The economy is near-perfect, yes indeed. The 19th century had a good name for it; they called it painting the tape, referring to the ticker-tape of stock prices.
To use another colorful metaphor, the pretty economic picture is a Potemkin Village. The phrase refers to the government habit in the Soviet Union, during the grim Stalinist times, of creating whole false "happy" villages to impress visitors. That's what we've got now, a Potemkin Village economy.
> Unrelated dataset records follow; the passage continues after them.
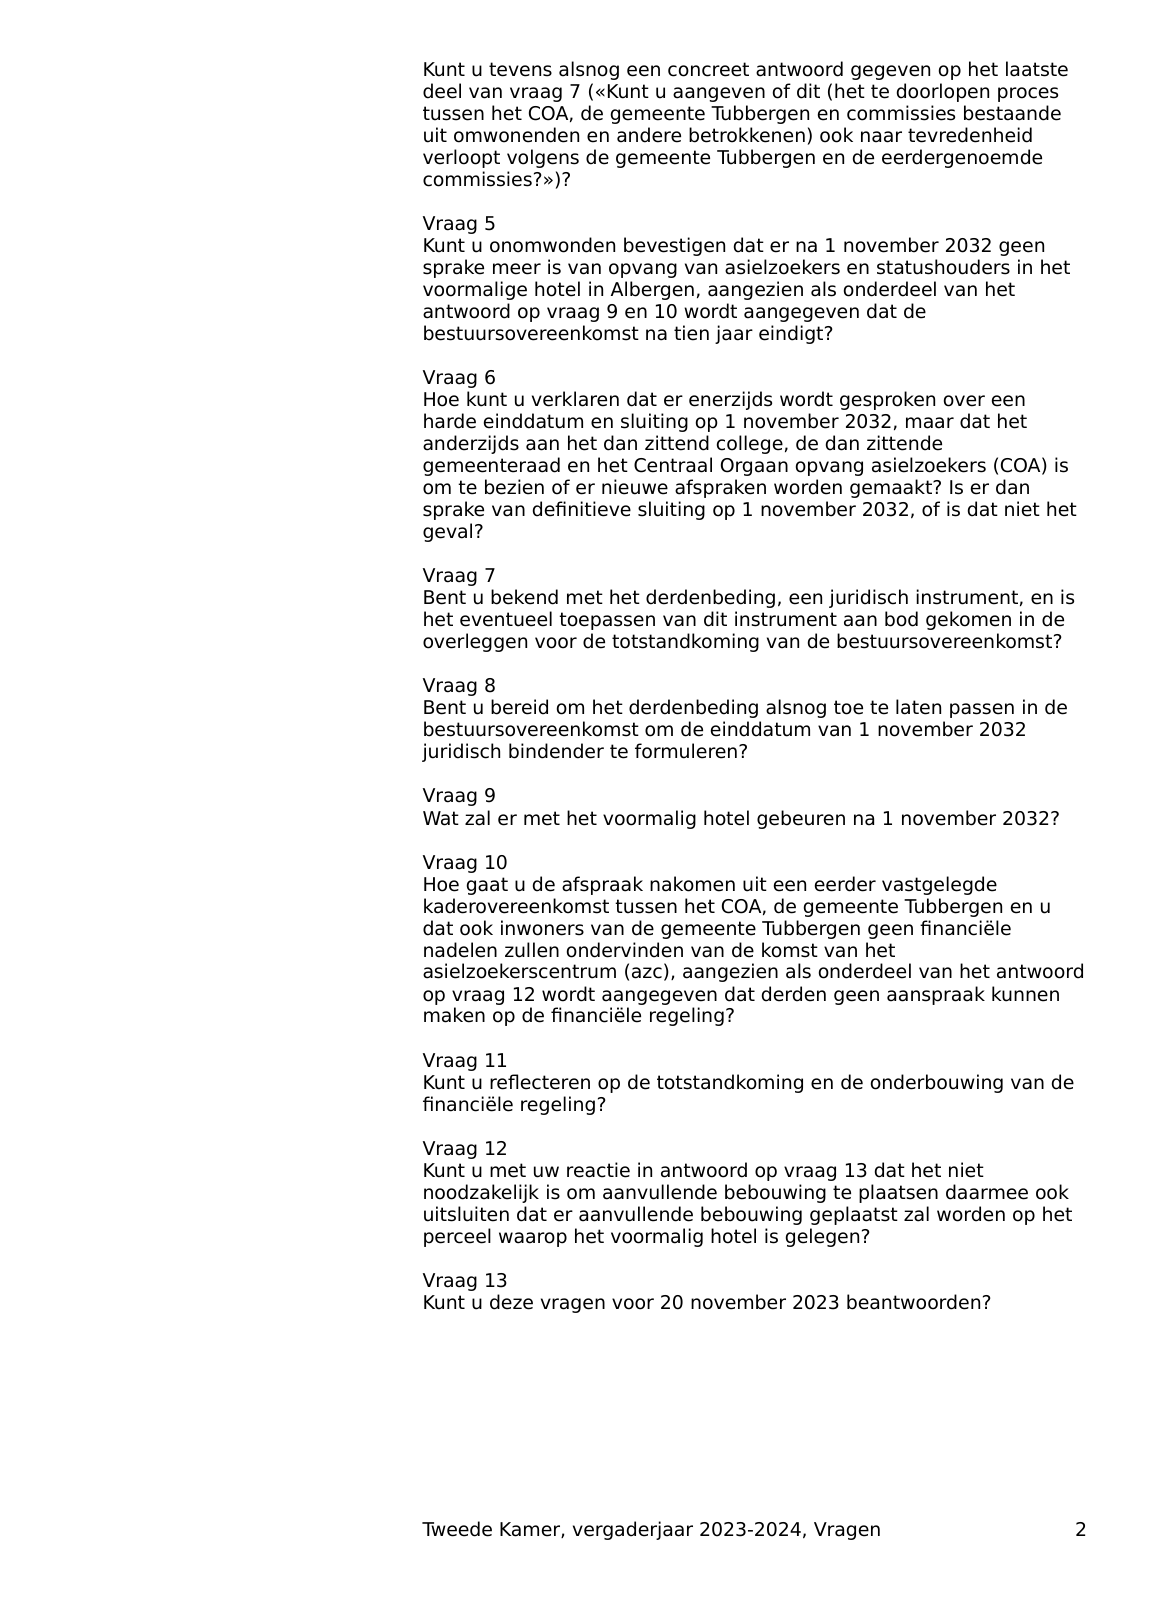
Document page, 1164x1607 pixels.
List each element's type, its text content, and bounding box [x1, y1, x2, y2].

text Kunt u tevens alsnog een concreet antwoord gegeven op het laatste deel van vraag 7 («Kunt u aangeven of dit (het te doorlopen proces tussen het COA, de gemeente Tubbergen en commissies bestaande uit omwonenden en andere betrokkenen) ook naar tevredenheid verloopt volgens de gemeente Tubbergen en de eerdergenoemde commissies?»)? [422, 59, 1087, 191]
text Wat zal er met het voormalig hotel gebeuren na 1 november 2032? [422, 807, 1087, 829]
text Kunt u reflecteren op de totstandkoming en de onderbouwing van de financiële regeling? [422, 1072, 1087, 1116]
text Kunt u deze vragen voor 20 november 2023 beantwoorden? [422, 1292, 1087, 1314]
text Vraag 12 [422, 1138, 1087, 1160]
text Kunt u onomwonden bevestigen dat er na 1 november 2032 geen sprake meer is van opvang van asielzoekers en statushouders in het voormalige hotel in Albergen, aangezien als onderdeel van het antwoord op vraag 9 en 10 wordt aangegeven dat de bestuursovereenkomst na tien jaar eindigt? [422, 235, 1087, 345]
text Bent u bereid om het derdenbeding alsnog toe te laten passen in de bestuursovereenkomst om de einddatum van 1 november 2032 juridisch bindender te formuleren? [422, 697, 1087, 763]
text Vraag 5 [422, 213, 1087, 235]
text Vraag 8 [422, 675, 1087, 697]
text Vraag 11 [422, 1049, 1087, 1072]
text Vraag 13 [422, 1270, 1087, 1292]
text Vraag 10 [422, 852, 1087, 873]
text Hoe gaat u de afspraak nakomen uit een eerder vastgelegde kaderovereenkomst tussen het COA, de gemeente Tubbergen en u dat ook inwoners van de gemeente Tubbergen geen financiële nadelen zullen ondervinden van de komst van het asielzoekerscentrum (azc), aangezien als onderdeel van het antwoord op vraag 12 wordt aangegeven dat derden geen aanspraak kunnen maken op de financiële regeling? [422, 873, 1087, 1027]
text Vraag 9 [422, 785, 1087, 807]
text Kunt u met uw reactie in antwoord op vraag 13 dat het niet noodzakelijk is om aanvullende bebouwing te plaatsen daarmee ook uitsluiten dat er aanvullende bebouwing geplaatst zal worden op het perceel waarop het voormalig hotel is gelegen? [422, 1160, 1087, 1248]
text Bent u bekend met het derdenbeding, een juridisch instrument, en is het eventueel toepassen van dit instrument aan bod gekomen in de overleggen voor de totstandkoming van de bestuursovereenkomst? [422, 587, 1087, 653]
text Vraag 7 [422, 565, 1087, 587]
text Hoe kunt u verklaren dat er enerzijds wordt gesproken over een harde einddatum en sluiting op 1 november 2032, maar dat het anderzijds aan het dan zittend college, de dan zittende gemeenteraad en het Centraal Orgaan opvang asielzoekers (COA) is om te bezien of er nieuwe afspraken worden gemaakt? Is er dan sprake van definitieve sluiting op 1 november 2032, of is dat niet het geval? [422, 389, 1087, 543]
text Vraag 6 [422, 367, 1087, 389]
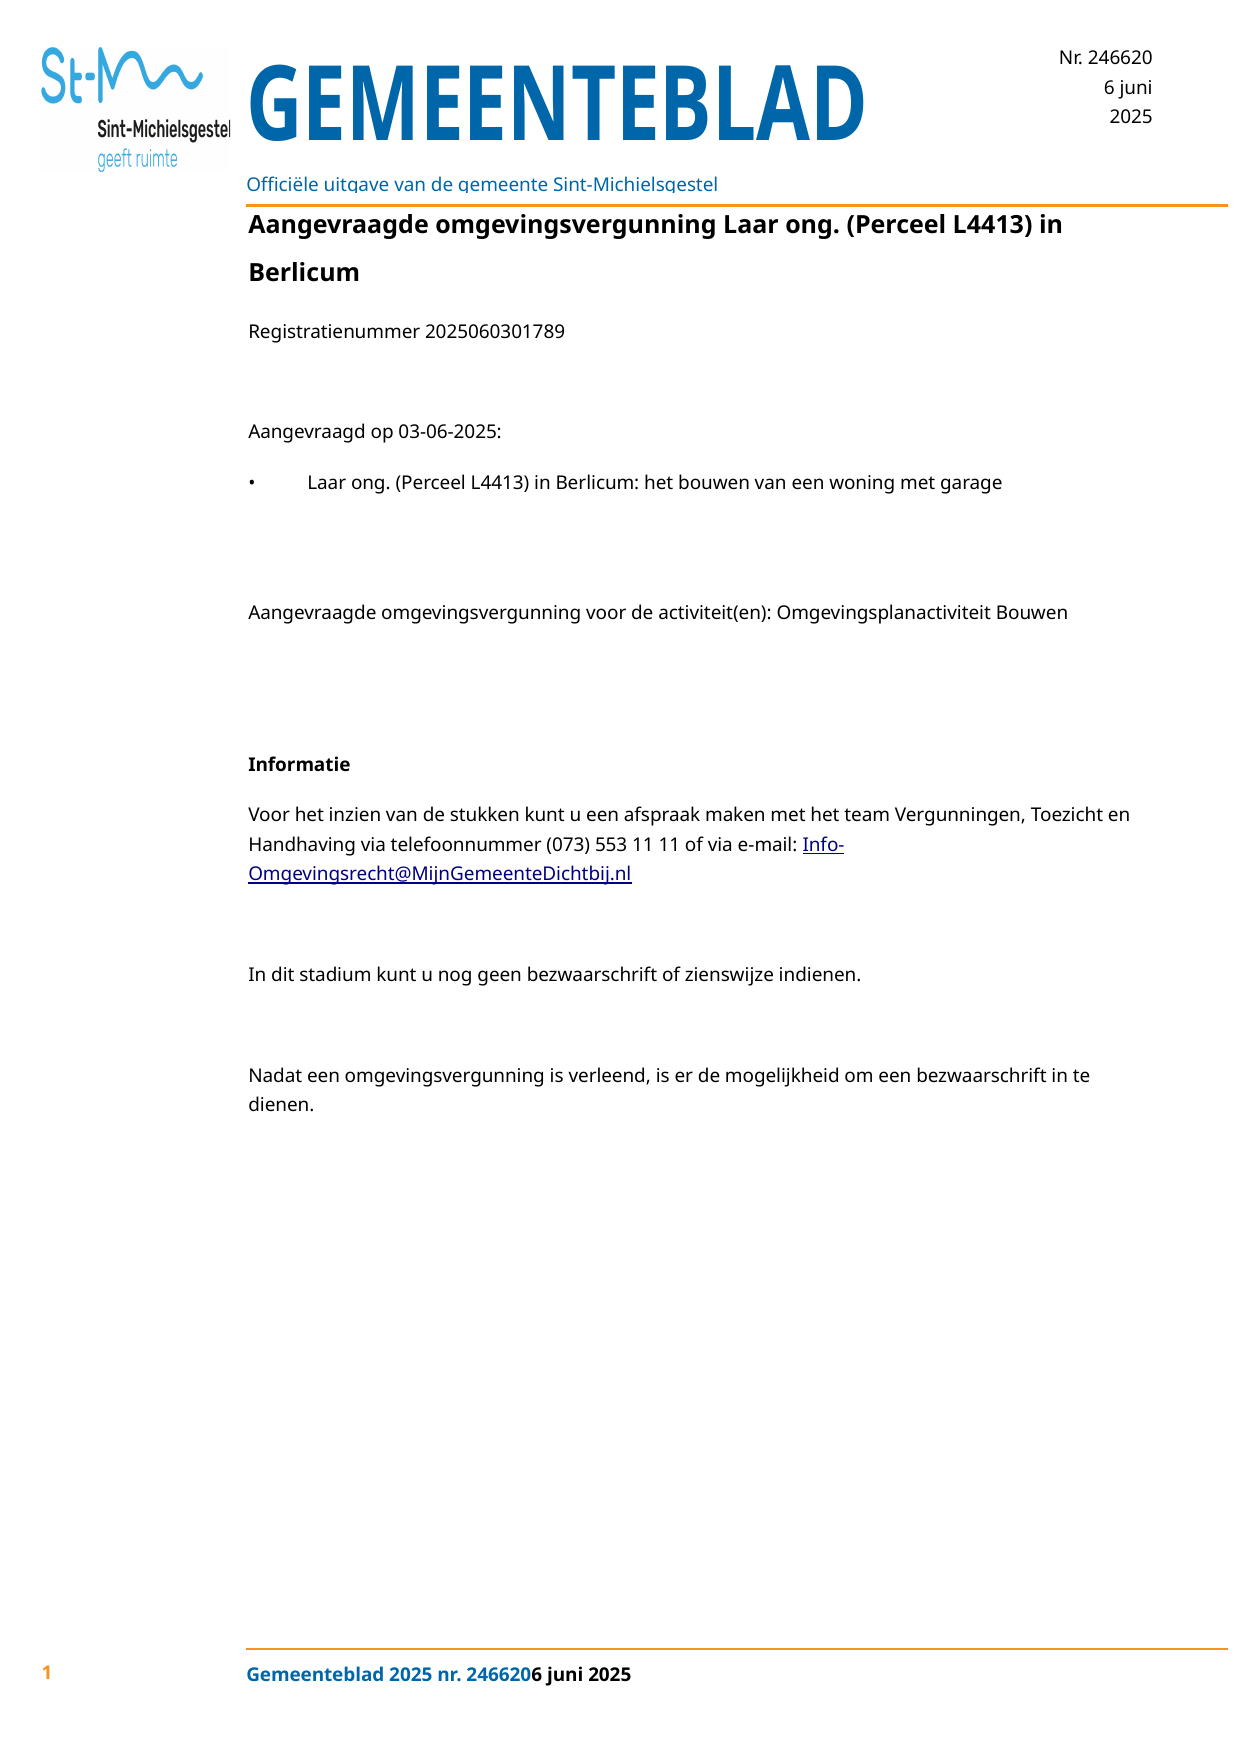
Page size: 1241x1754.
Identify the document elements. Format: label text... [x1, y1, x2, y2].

list Laar ong. (Perceel L4413) in Berlicum: het bouwen van een woning met garage [248, 469, 1152, 495]
text In dit stadium kunt u nog geen bezwaarschrift of zienswijze indienen. [248, 961, 1152, 987]
text Aangevraagd op 03-06-2025: [248, 419, 1152, 444]
text Aangevraagde omgevingsvergunning Laar ong. (Perceel L4413) in Berlicum [248, 207, 1152, 288]
text Nadat een omgevingsvergunning is verleend, is er de mogelijkheid om een bezwaarschrift in te dienen. [248, 1062, 1152, 1117]
text Aangevraagde omgevingsvergunning voor de activiteit(en): Omgevingsplanactiviteit Bouwen [248, 599, 1152, 625]
picture [41, 47, 231, 172]
text Informatie [248, 751, 1152, 777]
text Voor het inzien van de stukken kunt u een afspraak maken met het team Vergunningen, Toezicht en Handhaving via telefoonnummer (073) 553 11 11 of via e-mail: Info-Omgevingsrecht@MijnGemeenteDichtbij.nl [248, 801, 1152, 886]
text Registratienummer 2025060301789 [248, 318, 1152, 344]

Meanwhile, underneath the official "times are good" assertions on the campaign trail, the United States is already in an inflationary recession, and it's going to get rapidly worse after the election. By mid-year 2007 even the mainstream media, in alarmist tones, will be openly declaring a well-entrenched and strong recession.
Normally a recession brings down interest rates, and that's another part of the magical thinking pervading Wall Street. "Even if we do get a recession," the thought goes, "it'll bring down interest rates so inflation won't be a problem."
Yes, it will. Inflation is already bad, at 10%, and it's only going to get worse. Even the "official" statistics will reflect this by mid-2007. Even though we're in a worsening recession, which the government will "officially" declare in the next few months, the excess money creation that's already in the pipeline will insure that inflation will only grow worse.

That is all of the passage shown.